Notice of Special Interest (NOSI): NIMH Planning Grants for Natural History Studies of Rare Genetic Neurodevelopmental Disorders
Notice Number:
NOT-MH-23-235

Key Dates

Release Date:

April 28, 2023

First Available Due Date:
June 05, 2023
Expiration Date:
September 08, 2026

Related Announcements

NOT-MH-23-236 Notice of Special Interest (NOSI): Pre-Clinical Research on Gene Therapies for Rare Genetic Neurodevelopmental Disorders

NOT-OD-23-105 Notice to Extend Parent R01/R03/R21 Parent Notices of Funding Opportunity

PA-20-183 Research Project Grant (Parent R01 Clinical Trial Required)

PA-20-184 Research Project Grant (Parent R01 Basic Experimental Studies with Humans Required)

PA-20-185 NIH Research Project Grant (Parent R01 Clinical Trial Not Allowed)

Issued by

National Institute of Mental Health (NIMH)

Purpose

The National Institute of Mental Health (NIMH) is issuing this Notice to highlight its interest in supporting planning grants to conduct retrospective natural history studies that explore the prevalence of disabling psychiatric symptoms and disruptions in function in patients (birth to 25 years of age) with rare genetic neurodevelopmental disorders (NDD). The principal goal of these studies is to assess the time of onset and severity of these symptoms, identify appropriate outcome measures, and establish potential timepoints for intervention. Additionally, the planning grants should focus on identifying potential quantitative clinical functional measures or biomarkers that could be used as prognostics and/or measures of change in future clinical trials. These retrospective natural history studies are expected to enable future prospective longitudinal studies (see Food and Drug Administration’s (FDA's) guidance on natural history studies for rare disorders).

Background

Genetic studies have led to the identification of thousands of rare, penetrant, recurrent mutations in genes that are associated with NDDs. Individual mutations in particular genes can lead to a range of psychiatric symptoms, including attentional deficits, social deficits, cognitive dysfunction, emotional dysregulation, anxiety, depression, and psychosis. Importantly, phenotypic outcomes may be affected by variable penetrance in which some individuals with a given mutation express only a subset of the typical symptoms. There are challenges in understanding the genetic, environmental and lifestyle factors that relate the progression of genetic mutations to disease phenotypes. Natural history studies are essential for identifying the onset and progression of severe mental illness in rare NDDs, and include these specific goals:

  • to identify relevant clinical functional measures for use in future clinical trials.
  • to identify biomarkers, see FDA's biomarker definition, a biomarker is a defined characteristic that is measured as an indicator of normal biological processes, pathogenic processes, or biological responses to an exposure or intervention, including therapeutic interventions. Biomarkers may include molecular, histologic, radiographic, or physiologic characteristics. A biomarker is not a measure of how an individual feels, functions, or survives. Categories of biomarkers include susceptibility/risk biomarker; diagnostic biomarker; monitoring biomarker; prognostic biomarker; predictive biomarker; response biomarker; safety biomarker.
  • to progress toward establishing clinical trials of novel gene-based or other course-altering treatments for NDDs.

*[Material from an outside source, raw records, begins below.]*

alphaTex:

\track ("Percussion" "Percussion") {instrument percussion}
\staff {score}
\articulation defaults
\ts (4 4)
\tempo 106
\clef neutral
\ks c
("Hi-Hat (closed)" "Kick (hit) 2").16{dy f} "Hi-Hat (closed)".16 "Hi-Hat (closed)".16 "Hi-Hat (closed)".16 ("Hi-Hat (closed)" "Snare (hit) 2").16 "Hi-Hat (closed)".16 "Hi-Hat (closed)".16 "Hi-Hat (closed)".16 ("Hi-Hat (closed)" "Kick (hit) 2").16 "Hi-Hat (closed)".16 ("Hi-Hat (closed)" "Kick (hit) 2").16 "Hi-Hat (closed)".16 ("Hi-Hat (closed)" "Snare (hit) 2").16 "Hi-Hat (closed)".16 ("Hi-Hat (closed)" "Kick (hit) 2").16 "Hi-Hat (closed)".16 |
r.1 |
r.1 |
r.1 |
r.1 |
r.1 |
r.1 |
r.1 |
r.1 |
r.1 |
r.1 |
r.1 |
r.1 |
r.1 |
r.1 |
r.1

This NOSI encourages planning grants to conduct retrospective natural history studies of rare genetic neurodevelopmental disorders. These studies are intended to enable future prospective natural history studies to further define the trajectory of psychiatric symptoms, clinical functional measures and biomarkers, and to address unmet needs for therapeutic development relevant to psychiatry.

Research Objectives

Applications must include a clear rationale for selecting rare genetic disorder(s) of interest and psychiatric symptoms/clinical deficits most disabling for patients and families (see the description of patient-focused drug development at an FDA website). Data collection should include clinical deficits associated with psychiatric symptoms and how they associate with other non-psychiatric clinical deficits.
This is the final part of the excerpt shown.